Saturométrie SpO2

La SpO2, c'est l'œil rapide sur l'oxygénation, mais pas la photo complète. La valeur, la courbe, la FR, la coloration et la conscience se recoupent en permanence. Une SpO2 99 % sous O2 fort débit n'est pas une victoire si la FR s'effondre.

Contenu pédagogique destiné aux étudiants infirmiers. Ne remplace pas un avis médical.

Notre méthode

L'essentiel

Recouper la valeur

La SpO2 se lit toujours avec la courbe pléthysmographique, la FR, la coloration et l'état de conscience. Une valeur isolée n'a pas de sens. Vérifier la qualité du signal avant de transmettre.

Cible prescrite

Cible 94 à 98 % chez l'adulte sans risque d'hypercapnie (SRLF-SFMU 2025), 88 à 92 % chez le BPCO ou l'insuffisant respiratoire chronique sur prescription. La cible figure dans la prescription, l'IDE l'applique et alerte si dérive.

Bascule détresse

SpO2 inférieure à la cible avec FR augmentée, signes de lutte, troubles de la conscience ou cyanose : urgence vitale immédiate. Augmenter l'O2 selon protocole, alerter le médecin, mettre OHDN ou VNI à disposition selon protocole.
Quand
Tous services hospitaliers, urgences, SSPI, réanimation, soins continus, transport sanitaire, domicile sous OLD. Surveillance de première intention pour tout patient à risque respiratoire, hémodynamique ou anesthésique. Avant et après administration d'un morphinique, modification d'oxygénothérapie, geste sur les voies aériennes.
Pour qui
Tout patient. Cibles différentes selon profil : adulte sans risque d'hypercapnie cible 94 à 98 % (SRLF-SFMU 2025), BPCO et insuffisant respiratoire chronique (IRC) cible 88 à 92 % sur prescription. Vigilance accrue chez le patient sous morphiniques, en post-opératoire, en exacerbation BPCO ou en détresse respiratoire aiguë.
SpO2 adulte sans risque d'hypercapnie

Normal

94 à 98 % (cible IRA hypoxémique selon SRLF-SFMU 2025) ou cible prescrite localement

Alerte

90 à 93 % (hypoxémie légère, recouper avec clinique, alerter selon prescription)

Critique

inférieure à 90 % (hypoxémie significative à transmettre sans délai)

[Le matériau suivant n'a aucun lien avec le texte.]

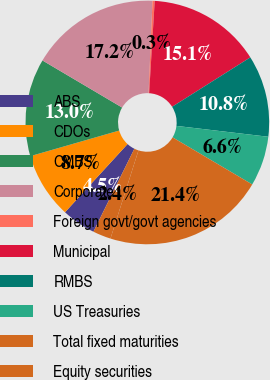Convert chart. <chart><loc_0><loc_0><loc_500><loc_500><pie_chart><fcel>ABS<fcel>CDOs<fcel>CMBS<fcel>Corporate<fcel>Foreign govt/govt agencies<fcel>Municipal<fcel>RMBS<fcel>US Treasuries<fcel>Total fixed maturities<fcel>Equity securities<nl><fcel>4.51%<fcel>8.73%<fcel>12.95%<fcel>17.17%<fcel>0.29%<fcel>15.06%<fcel>10.84%<fcel>6.62%<fcel>21.39%<fcel>2.4%<nl></chart> 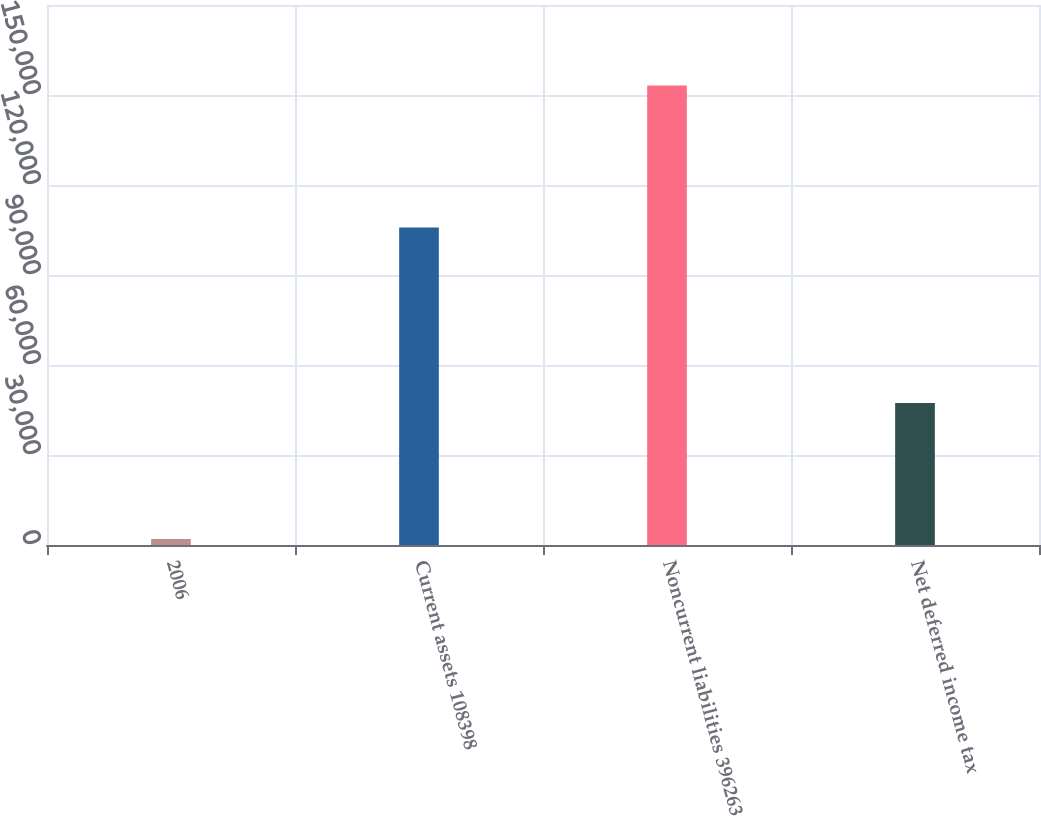<chart> <loc_0><loc_0><loc_500><loc_500><bar_chart><fcel>2006<fcel>Current assets 108398<fcel>Noncurrent liabilities 396263<fcel>Net deferred income tax<nl><fcel>2005<fcel>105845<fcel>153193<fcel>47348<nl></chart> 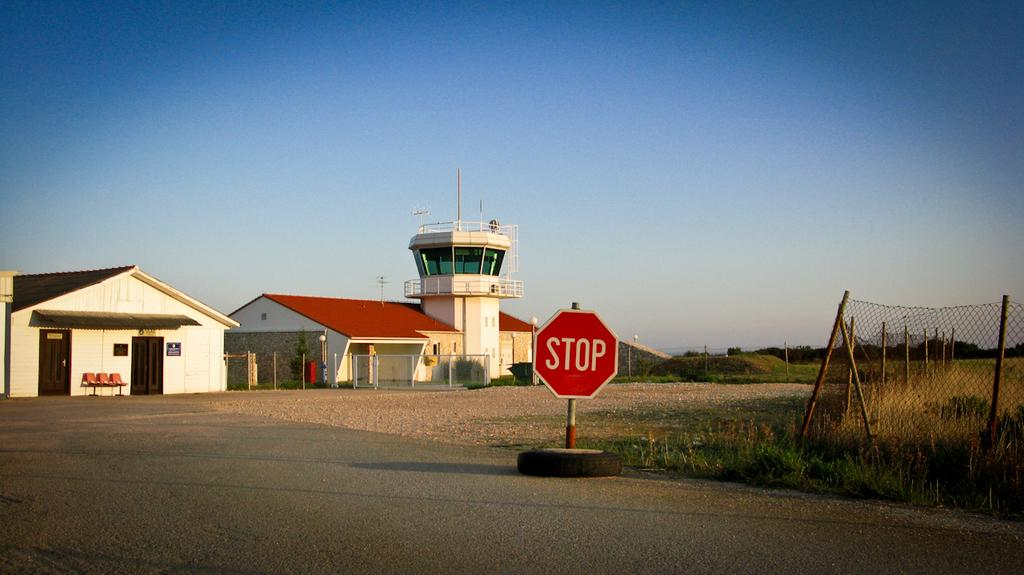What is the main object in the image? There is a sign board in the image. What else can be seen on the ground in the image? There is a tyre on the ground in the image. What type of structures are visible in the image? There are buildings visible in the image. What type of furniture is present in the image? Chairs are present in the image. What type of vegetation is visible in the image? Trees are visible in the image. What other objects can be seen in the image? There are other objects in the image, but their specific details are not mentioned in the provided facts. What is visible in the background of the image? The sky is visible in the background of the image. What type of celery is being used as a decoration on the chairs in the image? There is no celery present in the image; it is not mentioned in the provided facts. 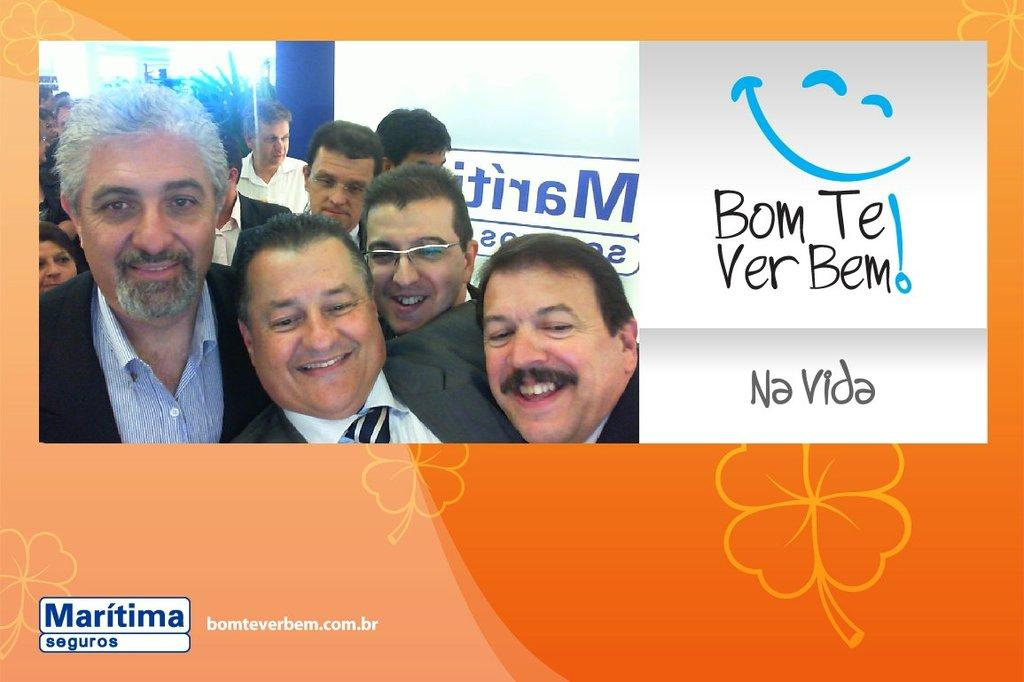What is featured in the picture? There is a poster in the picture. What is depicted on the poster? The poster contains an image of men. What are the men in the image doing? The men are standing. What are the men wearing in the image? The men are wearing blazers. What else can be seen on the poster besides the image of the men? There is text on the poster. Can you see a carriage in the image? There is no carriage present in the image. Is there a crown visible on any of the men in the image? There is no crown visible on any of the men in the image. 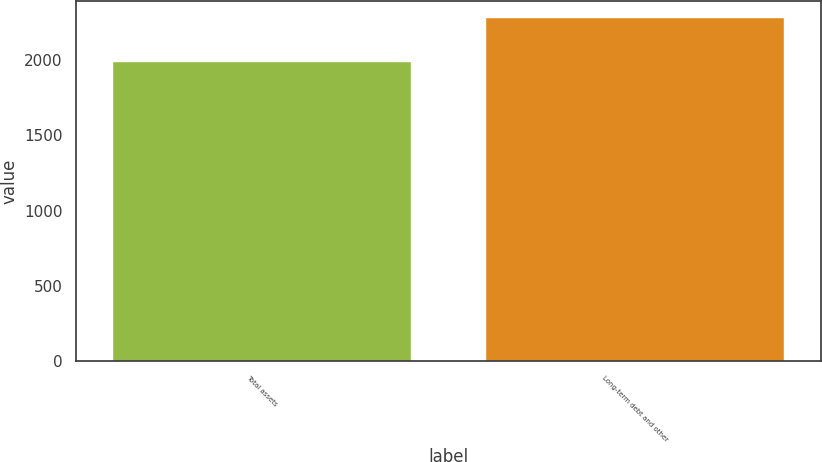Convert chart. <chart><loc_0><loc_0><loc_500><loc_500><bar_chart><fcel>Total assets<fcel>Long-term debt and other<nl><fcel>1990<fcel>2277<nl></chart> 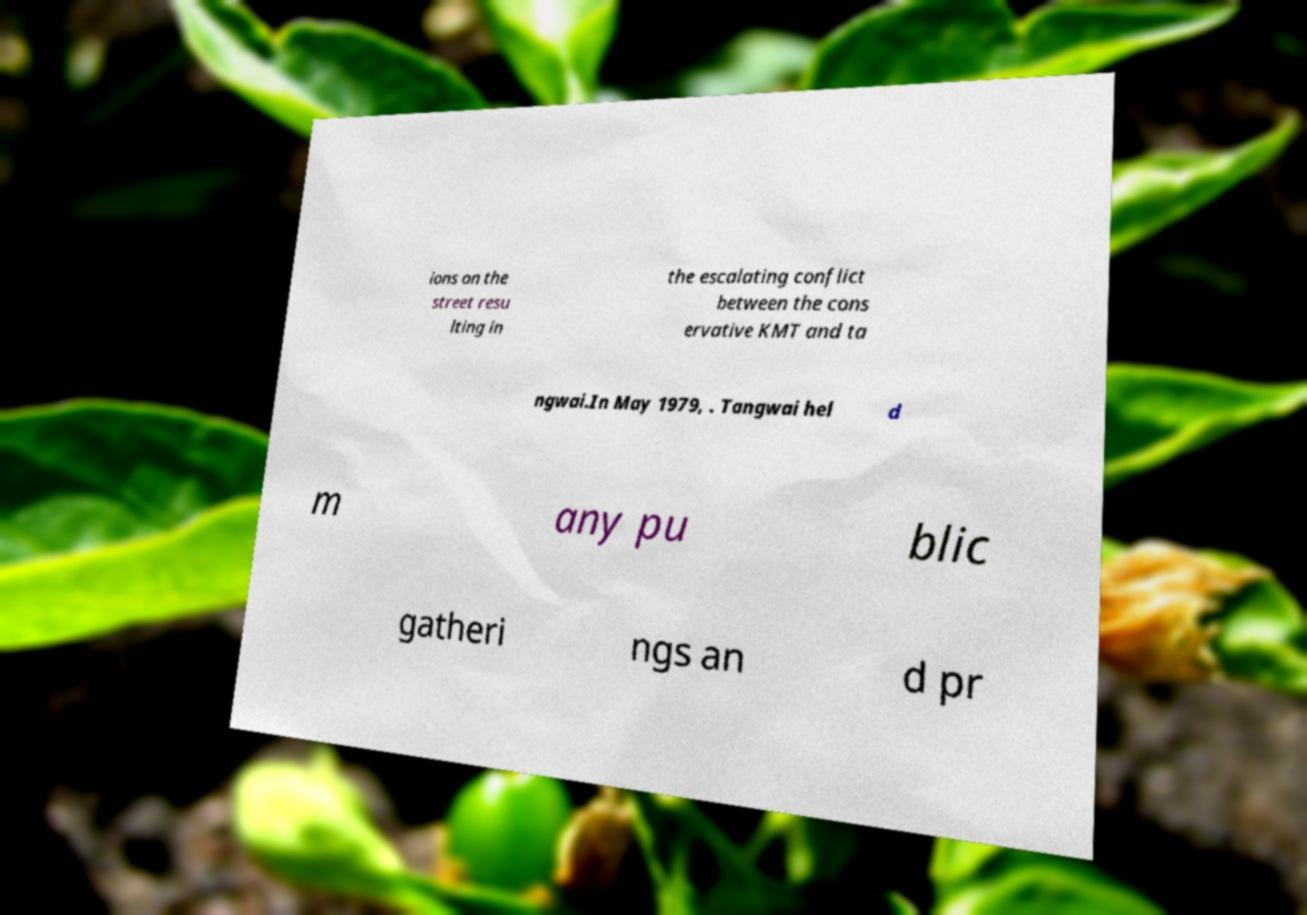There's text embedded in this image that I need extracted. Can you transcribe it verbatim? ions on the street resu lting in the escalating conflict between the cons ervative KMT and ta ngwai.In May 1979, . Tangwai hel d m any pu blic gatheri ngs an d pr 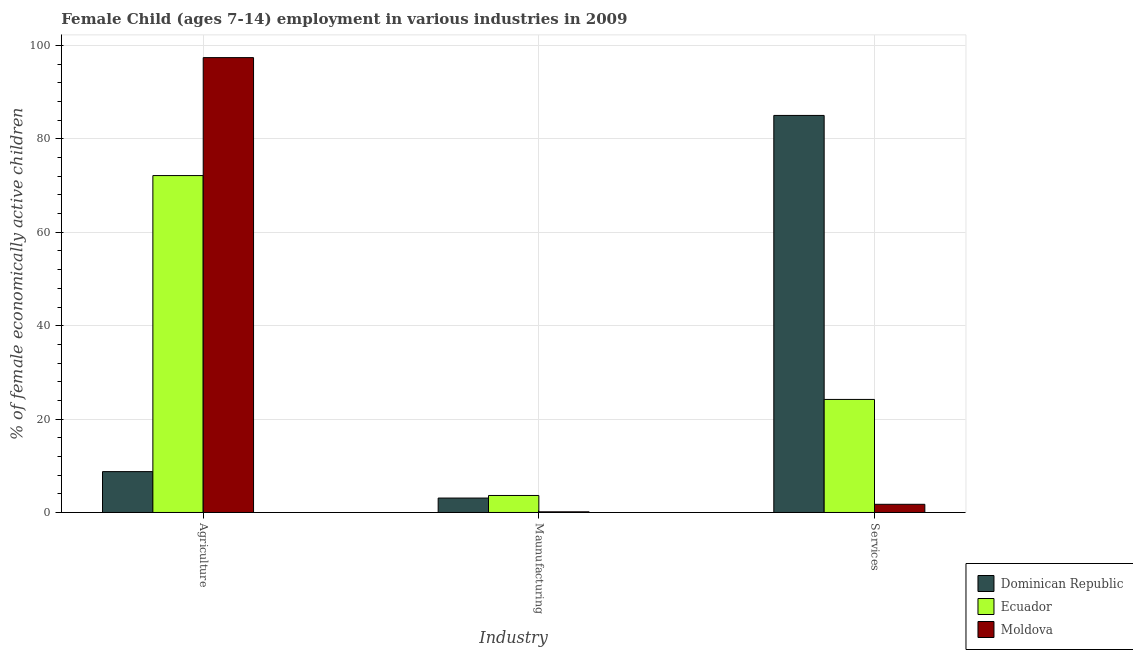How many different coloured bars are there?
Keep it short and to the point. 3. How many groups of bars are there?
Ensure brevity in your answer.  3. Are the number of bars per tick equal to the number of legend labels?
Your response must be concise. Yes. Are the number of bars on each tick of the X-axis equal?
Ensure brevity in your answer.  Yes. How many bars are there on the 3rd tick from the left?
Keep it short and to the point. 3. What is the label of the 2nd group of bars from the left?
Offer a terse response. Maunufacturing. What is the percentage of economically active children in services in Ecuador?
Offer a terse response. 24.21. Across all countries, what is the maximum percentage of economically active children in services?
Give a very brief answer. 85.03. Across all countries, what is the minimum percentage of economically active children in services?
Keep it short and to the point. 1.75. In which country was the percentage of economically active children in services maximum?
Give a very brief answer. Dominican Republic. In which country was the percentage of economically active children in services minimum?
Keep it short and to the point. Moldova. What is the total percentage of economically active children in manufacturing in the graph?
Make the answer very short. 6.87. What is the difference between the percentage of economically active children in agriculture in Ecuador and that in Moldova?
Your response must be concise. -25.26. What is the difference between the percentage of economically active children in services in Moldova and the percentage of economically active children in manufacturing in Dominican Republic?
Provide a succinct answer. -1.34. What is the average percentage of economically active children in services per country?
Your answer should be very brief. 37. What is the difference between the percentage of economically active children in services and percentage of economically active children in agriculture in Dominican Republic?
Your answer should be compact. 76.28. What is the ratio of the percentage of economically active children in services in Moldova to that in Dominican Republic?
Your response must be concise. 0.02. What is the difference between the highest and the second highest percentage of economically active children in agriculture?
Your answer should be very brief. 25.26. What is the difference between the highest and the lowest percentage of economically active children in services?
Your answer should be very brief. 83.28. What does the 3rd bar from the left in Services represents?
Your answer should be very brief. Moldova. What does the 2nd bar from the right in Services represents?
Your answer should be compact. Ecuador. Is it the case that in every country, the sum of the percentage of economically active children in agriculture and percentage of economically active children in manufacturing is greater than the percentage of economically active children in services?
Your answer should be very brief. No. Are all the bars in the graph horizontal?
Your response must be concise. No. How many countries are there in the graph?
Offer a very short reply. 3. What is the difference between two consecutive major ticks on the Y-axis?
Provide a short and direct response. 20. Are the values on the major ticks of Y-axis written in scientific E-notation?
Make the answer very short. No. Does the graph contain grids?
Make the answer very short. Yes. Where does the legend appear in the graph?
Provide a short and direct response. Bottom right. How many legend labels are there?
Keep it short and to the point. 3. What is the title of the graph?
Offer a very short reply. Female Child (ages 7-14) employment in various industries in 2009. What is the label or title of the X-axis?
Offer a very short reply. Industry. What is the label or title of the Y-axis?
Offer a very short reply. % of female economically active children. What is the % of female economically active children in Dominican Republic in Agriculture?
Make the answer very short. 8.75. What is the % of female economically active children of Ecuador in Agriculture?
Your answer should be very brief. 72.15. What is the % of female economically active children in Moldova in Agriculture?
Your response must be concise. 97.41. What is the % of female economically active children in Dominican Republic in Maunufacturing?
Keep it short and to the point. 3.09. What is the % of female economically active children of Ecuador in Maunufacturing?
Your answer should be very brief. 3.64. What is the % of female economically active children in Moldova in Maunufacturing?
Provide a short and direct response. 0.14. What is the % of female economically active children in Dominican Republic in Services?
Ensure brevity in your answer.  85.03. What is the % of female economically active children of Ecuador in Services?
Give a very brief answer. 24.21. Across all Industry, what is the maximum % of female economically active children of Dominican Republic?
Your answer should be very brief. 85.03. Across all Industry, what is the maximum % of female economically active children of Ecuador?
Your answer should be very brief. 72.15. Across all Industry, what is the maximum % of female economically active children in Moldova?
Give a very brief answer. 97.41. Across all Industry, what is the minimum % of female economically active children of Dominican Republic?
Your answer should be very brief. 3.09. Across all Industry, what is the minimum % of female economically active children in Ecuador?
Provide a succinct answer. 3.64. Across all Industry, what is the minimum % of female economically active children of Moldova?
Keep it short and to the point. 0.14. What is the total % of female economically active children of Dominican Republic in the graph?
Your answer should be very brief. 96.87. What is the total % of female economically active children in Moldova in the graph?
Your answer should be compact. 99.3. What is the difference between the % of female economically active children in Dominican Republic in Agriculture and that in Maunufacturing?
Your answer should be compact. 5.66. What is the difference between the % of female economically active children in Ecuador in Agriculture and that in Maunufacturing?
Your answer should be very brief. 68.51. What is the difference between the % of female economically active children in Moldova in Agriculture and that in Maunufacturing?
Your answer should be compact. 97.27. What is the difference between the % of female economically active children in Dominican Republic in Agriculture and that in Services?
Make the answer very short. -76.28. What is the difference between the % of female economically active children in Ecuador in Agriculture and that in Services?
Keep it short and to the point. 47.94. What is the difference between the % of female economically active children in Moldova in Agriculture and that in Services?
Your response must be concise. 95.66. What is the difference between the % of female economically active children in Dominican Republic in Maunufacturing and that in Services?
Your answer should be compact. -81.94. What is the difference between the % of female economically active children in Ecuador in Maunufacturing and that in Services?
Your answer should be compact. -20.57. What is the difference between the % of female economically active children in Moldova in Maunufacturing and that in Services?
Offer a very short reply. -1.61. What is the difference between the % of female economically active children of Dominican Republic in Agriculture and the % of female economically active children of Ecuador in Maunufacturing?
Offer a terse response. 5.11. What is the difference between the % of female economically active children of Dominican Republic in Agriculture and the % of female economically active children of Moldova in Maunufacturing?
Keep it short and to the point. 8.61. What is the difference between the % of female economically active children of Ecuador in Agriculture and the % of female economically active children of Moldova in Maunufacturing?
Your answer should be very brief. 72.01. What is the difference between the % of female economically active children of Dominican Republic in Agriculture and the % of female economically active children of Ecuador in Services?
Your response must be concise. -15.46. What is the difference between the % of female economically active children of Ecuador in Agriculture and the % of female economically active children of Moldova in Services?
Your answer should be very brief. 70.4. What is the difference between the % of female economically active children of Dominican Republic in Maunufacturing and the % of female economically active children of Ecuador in Services?
Your answer should be very brief. -21.12. What is the difference between the % of female economically active children in Dominican Republic in Maunufacturing and the % of female economically active children in Moldova in Services?
Make the answer very short. 1.34. What is the difference between the % of female economically active children of Ecuador in Maunufacturing and the % of female economically active children of Moldova in Services?
Provide a short and direct response. 1.89. What is the average % of female economically active children of Dominican Republic per Industry?
Keep it short and to the point. 32.29. What is the average % of female economically active children in Ecuador per Industry?
Give a very brief answer. 33.33. What is the average % of female economically active children in Moldova per Industry?
Keep it short and to the point. 33.1. What is the difference between the % of female economically active children in Dominican Republic and % of female economically active children in Ecuador in Agriculture?
Ensure brevity in your answer.  -63.4. What is the difference between the % of female economically active children in Dominican Republic and % of female economically active children in Moldova in Agriculture?
Ensure brevity in your answer.  -88.66. What is the difference between the % of female economically active children in Ecuador and % of female economically active children in Moldova in Agriculture?
Your response must be concise. -25.26. What is the difference between the % of female economically active children of Dominican Republic and % of female economically active children of Ecuador in Maunufacturing?
Offer a very short reply. -0.55. What is the difference between the % of female economically active children of Dominican Republic and % of female economically active children of Moldova in Maunufacturing?
Your answer should be very brief. 2.95. What is the difference between the % of female economically active children of Dominican Republic and % of female economically active children of Ecuador in Services?
Offer a very short reply. 60.82. What is the difference between the % of female economically active children of Dominican Republic and % of female economically active children of Moldova in Services?
Ensure brevity in your answer.  83.28. What is the difference between the % of female economically active children of Ecuador and % of female economically active children of Moldova in Services?
Provide a succinct answer. 22.46. What is the ratio of the % of female economically active children in Dominican Republic in Agriculture to that in Maunufacturing?
Ensure brevity in your answer.  2.83. What is the ratio of the % of female economically active children of Ecuador in Agriculture to that in Maunufacturing?
Your response must be concise. 19.82. What is the ratio of the % of female economically active children in Moldova in Agriculture to that in Maunufacturing?
Your answer should be compact. 695.79. What is the ratio of the % of female economically active children of Dominican Republic in Agriculture to that in Services?
Ensure brevity in your answer.  0.1. What is the ratio of the % of female economically active children in Ecuador in Agriculture to that in Services?
Offer a terse response. 2.98. What is the ratio of the % of female economically active children in Moldova in Agriculture to that in Services?
Make the answer very short. 55.66. What is the ratio of the % of female economically active children of Dominican Republic in Maunufacturing to that in Services?
Provide a succinct answer. 0.04. What is the ratio of the % of female economically active children in Ecuador in Maunufacturing to that in Services?
Offer a very short reply. 0.15. What is the ratio of the % of female economically active children of Moldova in Maunufacturing to that in Services?
Your answer should be compact. 0.08. What is the difference between the highest and the second highest % of female economically active children of Dominican Republic?
Offer a very short reply. 76.28. What is the difference between the highest and the second highest % of female economically active children in Ecuador?
Give a very brief answer. 47.94. What is the difference between the highest and the second highest % of female economically active children in Moldova?
Make the answer very short. 95.66. What is the difference between the highest and the lowest % of female economically active children in Dominican Republic?
Provide a succinct answer. 81.94. What is the difference between the highest and the lowest % of female economically active children of Ecuador?
Your response must be concise. 68.51. What is the difference between the highest and the lowest % of female economically active children in Moldova?
Your response must be concise. 97.27.

Source SPLF Oxygénothérapie 2024 et conférence de consensus SRLF-SFMU 2025. Cible précisée dans la prescription médicale, à appliquer par l'IDE. La SpO2 reflète la saturation de l'hémoglobine, pas la PaO2 : une gazométrie artérielle peut être prescrite pour confirmer l'oxygénation.

SpO2 BPCO ou insuffisant respiratoire chronique

Normal

88 à 92 % sur prescription

Alerte

inférieure à 88 % ou supérieure à 92 % chez patient à risque d'hypercapnie

Critique

inférieure à 85 % avec dégradation clinique ou supérieure à 95 % avec somnolence et FR effondrée (suspicion de carbonarcose)

Source SPLF Recommandations BPCO 2017. Une SpO2 trop élevée sous O2 fort débit chez le BPCO peut induire une hypercapnie aiguë (carbonarcose). La cible 88 à 92 % est volontairement « basse » par sécurité.

Courbe pléthysmographique

Normal

Ample, régulière, pulsatile, concordante avec la FC

Alerte

Signal faible ou irrégulier (mesure peu fiable)

Critique

Absence de courbe (valeur de SpO2 affichée non interprétable)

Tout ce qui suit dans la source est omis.